14.1 Bestemmingsomschrijving

De voor 'Waarde - Ecologie - GO' aangewezen gronden zijn - behalve voor de andere aldaar voorkomende bestemming(en) - mede bestemd voor:

  1. a. bescherming, behoud, herstel en realisatie van de ecologische waarden en ecologische samenhang van de onderscheiden gebieden, met dien verstande dat bij ontwikkelingen zoals mogelijk gemaakt in hoofdstuk 2, de waarden niet onevenredig mogen worden geschaad.
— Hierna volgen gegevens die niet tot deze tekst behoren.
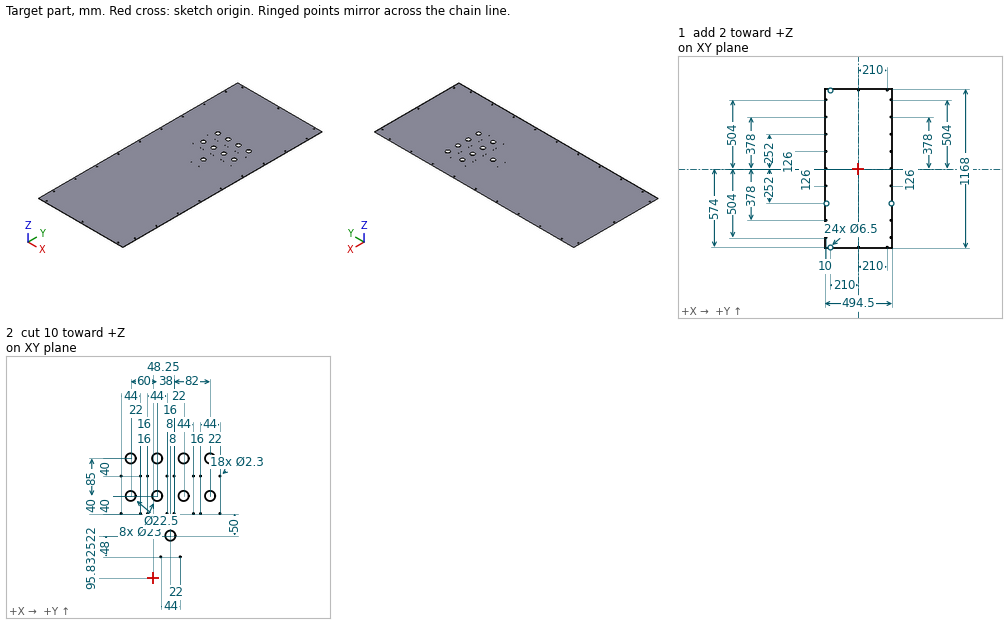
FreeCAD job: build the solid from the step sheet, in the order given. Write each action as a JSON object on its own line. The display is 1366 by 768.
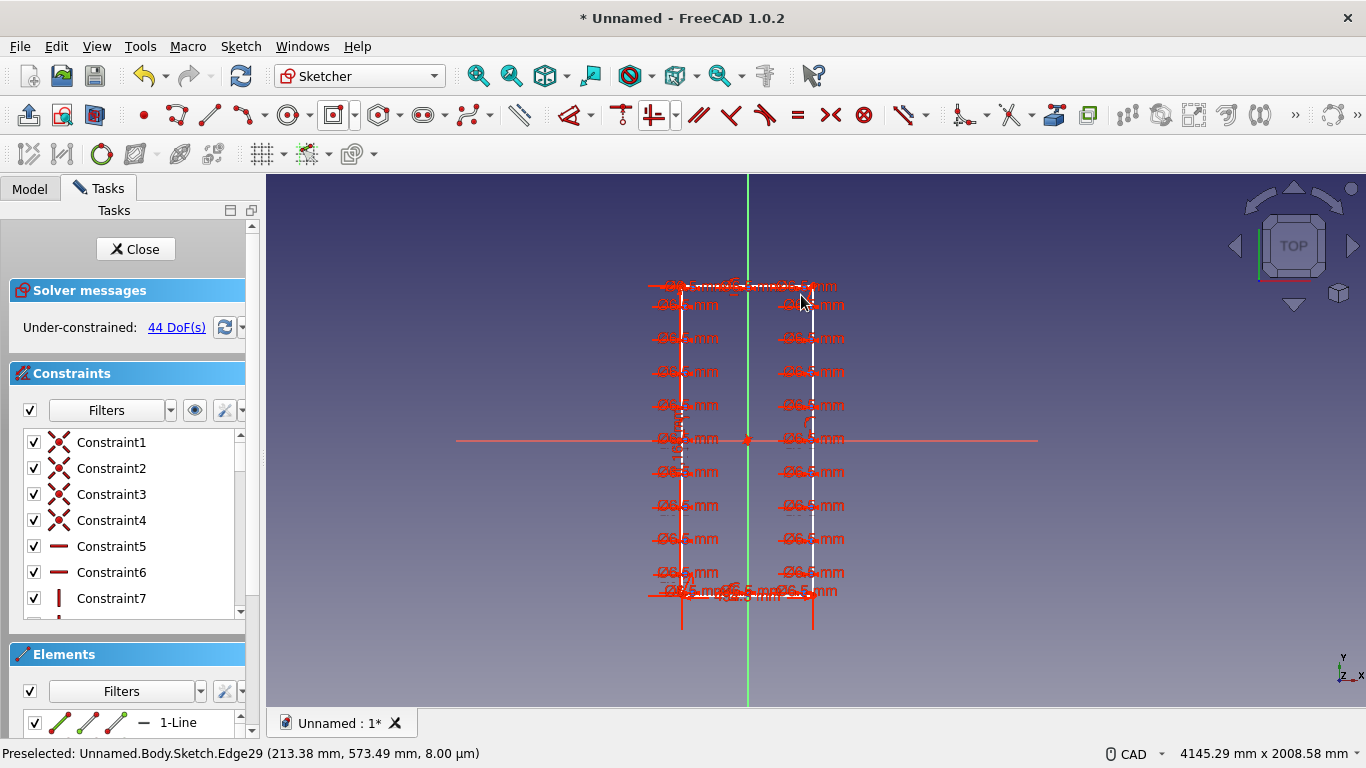
{"action": "left_click", "coordinate": [685, 575]}

Doel is om na ontwikkeling van nieuwe natuurelementen, deze toe te voegen tot het GNN. Tot uitdrukking komende in:
    1. 1. de landschappelijke verwevenheid van natuur, bos en landschapselementen met cultuurgronden;
    2. 2. het areaal en kwaliteit van natuur, bos en landschapselementen en gebieden die aangewezen zijn voor nieuwe natuur en agrarisch natuurbeheer;
    3. 3. de specifieke verbindingsdoelstellingen voor de ecologische verbindingszones;
    4. 4. de natuurlijke morfologie, waterkwaliteit, watervoering en verbondenheid met het landschap van de HEN-wateren (water van het Hoogste Ecologisch Niveau).

Artikel 15 Waarde - Landgoed

15.1 Bestemmingsomschrijving

De voor 'Waarde - Landgoed' aangewezen gronden zijn - behalve voor de andere aldaar voorkomende bestemming(en) - mede bestemd voor het behoud en een samenhangend beheer van landgoederen.

15.2 Bouwregels

Op deze gronden mag worden gebouwd en gelden - in aanvulling op de regels voor de andere aldaar voorkomende bestemmingen - de volgende regels:

a. ten behoeve van beheer van het landgoed met een oppervlakte van ten minste 25 ha grond behorende bij een landgoed, mag een gebouw worden opgericht met een oppervlakte van maximaal 100 m²;
b. de goothoogte van het gebouw ten behoeve van beheer van het landgoed bedraagt ten hoogste 3,5 m;
c. de bouwhoogte van het gebouw ten behoeve van beheer van het landgoed bedraagt ten hoogste 6 m.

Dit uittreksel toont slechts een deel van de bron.